» Dataset content
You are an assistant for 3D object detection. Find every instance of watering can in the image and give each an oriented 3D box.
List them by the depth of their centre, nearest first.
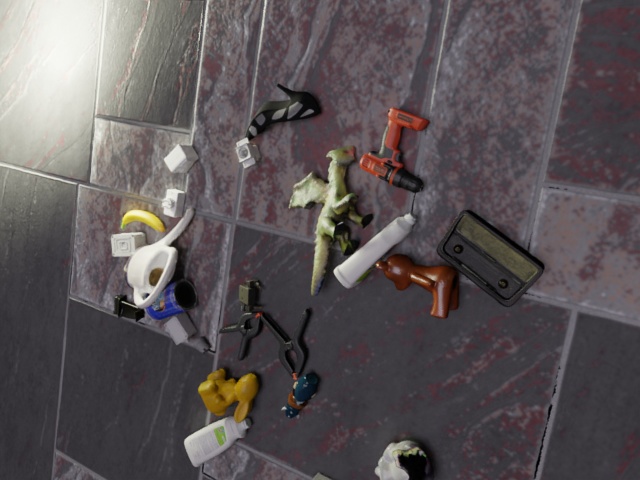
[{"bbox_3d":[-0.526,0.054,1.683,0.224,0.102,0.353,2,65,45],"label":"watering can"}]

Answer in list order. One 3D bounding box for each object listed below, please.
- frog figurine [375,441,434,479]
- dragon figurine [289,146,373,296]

...

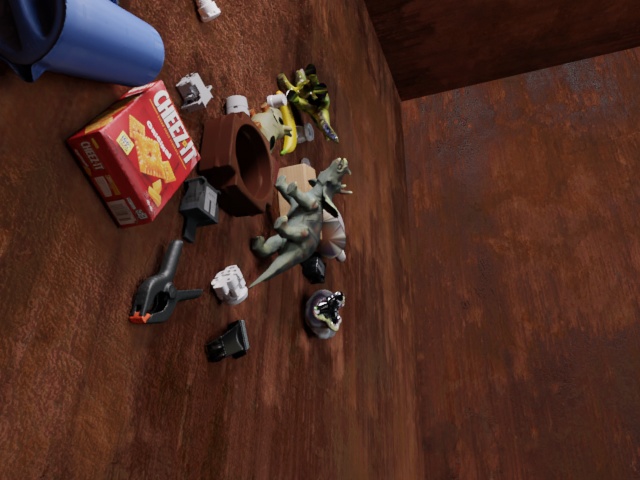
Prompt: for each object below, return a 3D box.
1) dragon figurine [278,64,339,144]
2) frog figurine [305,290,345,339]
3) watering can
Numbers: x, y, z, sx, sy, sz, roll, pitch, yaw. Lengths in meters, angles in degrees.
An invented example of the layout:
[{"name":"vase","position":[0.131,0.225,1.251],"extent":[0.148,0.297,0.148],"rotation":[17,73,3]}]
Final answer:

==

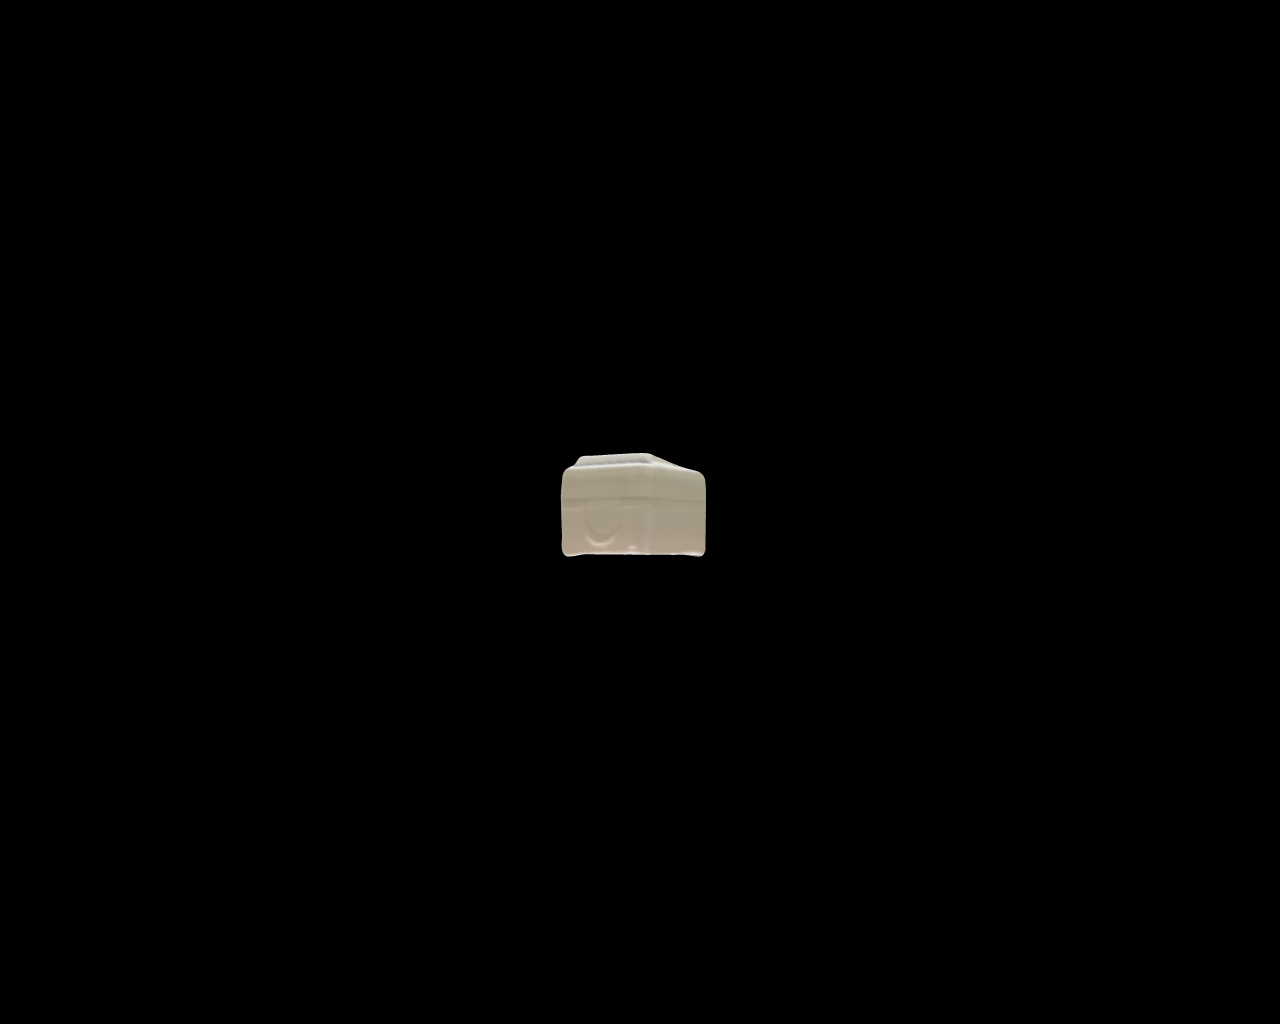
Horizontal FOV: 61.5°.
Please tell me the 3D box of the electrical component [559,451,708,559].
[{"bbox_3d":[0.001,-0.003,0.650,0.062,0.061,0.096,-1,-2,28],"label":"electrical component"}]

» How to complete this task
Only the lines above starting at the line that holds "- frog figurine [375,441,434,479]" and ending at the line that holds "- dragon figurine [289,146,373,296]" are to be repeated, exactly and in full.

» Reply
- frog figurine [375,441,434,479]
- dragon figurine [289,146,373,296]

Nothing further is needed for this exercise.